[Records from a data source]
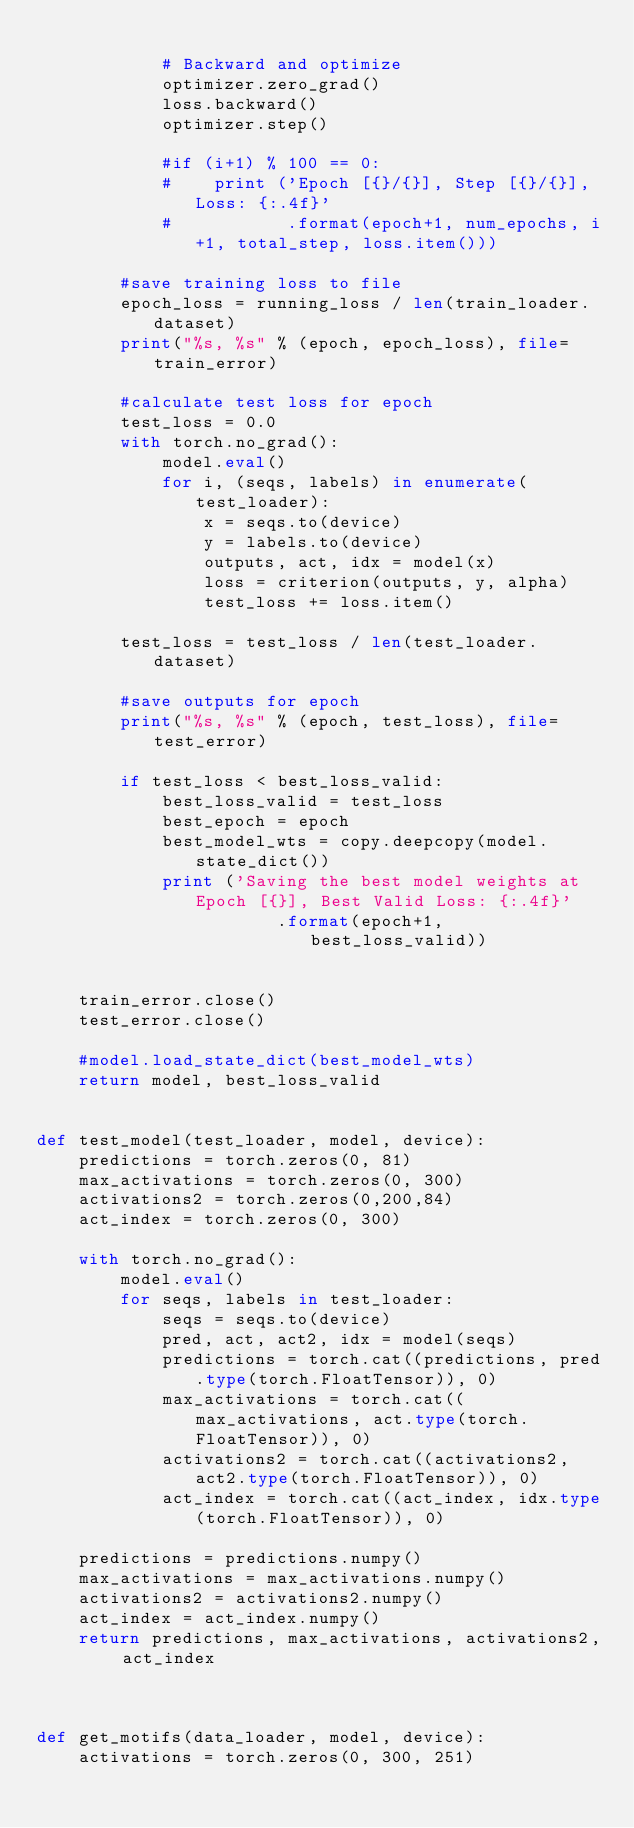<code> <loc_0><loc_0><loc_500><loc_500><_Python_>        
            # Backward and optimize
            optimizer.zero_grad()
            loss.backward()
            optimizer.step()

            #if (i+1) % 100 == 0:
            #    print ('Epoch [{}/{}], Step [{}/{}], Loss: {:.4f}'
            #           .format(epoch+1, num_epochs, i+1, total_step, loss.item()))

        #save training loss to file
        epoch_loss = running_loss / len(train_loader.dataset)
        print("%s, %s" % (epoch, epoch_loss), file=train_error)

        #calculate test loss for epoch
        test_loss = 0.0
        with torch.no_grad():
            model.eval()
            for i, (seqs, labels) in enumerate(test_loader):
                x = seqs.to(device)
                y = labels.to(device)
                outputs, act, idx = model(x)
                loss = criterion(outputs, y, alpha)
                test_loss += loss.item() 

        test_loss = test_loss / len(test_loader.dataset)

        #save outputs for epoch
        print("%s, %s" % (epoch, test_loss), file=test_error)

        if test_loss < best_loss_valid:
            best_loss_valid = test_loss
            best_epoch = epoch
            best_model_wts = copy.deepcopy(model.state_dict())
            print ('Saving the best model weights at Epoch [{}], Best Valid Loss: {:.4f}' 
                       .format(epoch+1, best_loss_valid))


    train_error.close()
    test_error.close()

    #model.load_state_dict(best_model_wts)
    return model, best_loss_valid
    

def test_model(test_loader, model, device):
    predictions = torch.zeros(0, 81)
    max_activations = torch.zeros(0, 300) 
    activations2 = torch.zeros(0,200,84)
    act_index = torch.zeros(0, 300)

    with torch.no_grad():
        model.eval()
        for seqs, labels in test_loader:
            seqs = seqs.to(device)
            pred, act, act2, idx = model(seqs)
            predictions = torch.cat((predictions, pred.type(torch.FloatTensor)), 0)
            max_activations = torch.cat((max_activations, act.type(torch.FloatTensor)), 0)
            activations2 = torch.cat((activations2, act2.type(torch.FloatTensor)), 0)
            act_index = torch.cat((act_index, idx.type(torch.FloatTensor)), 0)

    predictions = predictions.numpy()
    max_activations = max_activations.numpy()
    activations2 = activations2.numpy()
    act_index = act_index.numpy()
    return predictions, max_activations, activations2, act_index



def get_motifs(data_loader, model, device):
    activations = torch.zeros(0, 300, 251)</code>

● **WHAT THE EXERCISE ASKS**: Only the lines above starting at the line that holds "# Backward and optimize" and ending at the line that holds "torch.cat((act_index, idx.type(torch.FloatTensor)), 0)" are to be repeated, exactly and in full.

● **ANSWER**:
            # Backward and optimize
            optimizer.zero_grad()
            loss.backward()
            optimizer.step()

            #if (i+1) % 100 == 0:
            #    print ('Epoch [{}/{}], Step [{}/{}], Loss: {:.4f}'
            #           .format(epoch+1, num_epochs, i+1, total_step, loss.item()))

        #save training loss to file
        epoch_loss = running_loss / len(train_loader.dataset)
        print("%s, %s" % (epoch, epoch_loss), file=train_error)

        #calculate test loss for epoch
        test_loss = 0.0
        with torch.no_grad():
            model.eval()
            for i, (seqs, labels) in enumerate(test_loader):
                x = seqs.to(device)
                y = labels.to(device)
                outputs, act, idx = model(x)
                loss = criterion(outputs, y, alpha)
                test_loss += loss.item() 

        test_loss = test_loss / len(test_loader.dataset)

        #save outputs for epoch
        print("%s, %s" % (epoch, test_loss), file=test_error)

        if test_loss < best_loss_valid:
            best_loss_valid = test_loss
            best_epoch = epoch
            best_model_wts = copy.deepcopy(model.state_dict())
            print ('Saving the best model weights at Epoch [{}], Best Valid Loss: {:.4f}' 
                       .format(epoch+1, best_loss_valid))


    train_error.close()
    test_error.close()

    #model.load_state_dict(best_model_wts)
    return model, best_loss_valid
    

def test_model(test_loader, model, device):
    predictions = torch.zeros(0, 81)
    max_activations = torch.zeros(0, 300) 
    activations2 = torch.zeros(0,200,84)
    act_index = torch.zeros(0, 300)

    with torch.no_grad():
        model.eval()
        for seqs, labels in test_loader:
            seqs = seqs.to(device)
            pred, act, act2, idx = model(seqs)
            predictions = torch.cat((predictions, pred.type(torch.FloatTensor)), 0)
            max_activations = torch.cat((max_activations, act.type(torch.FloatTensor)), 0)
            activations2 = torch.cat((activations2, act2.type(torch.FloatTensor)), 0)
            act_index = torch.cat((act_index, idx.type(torch.FloatTensor)), 0)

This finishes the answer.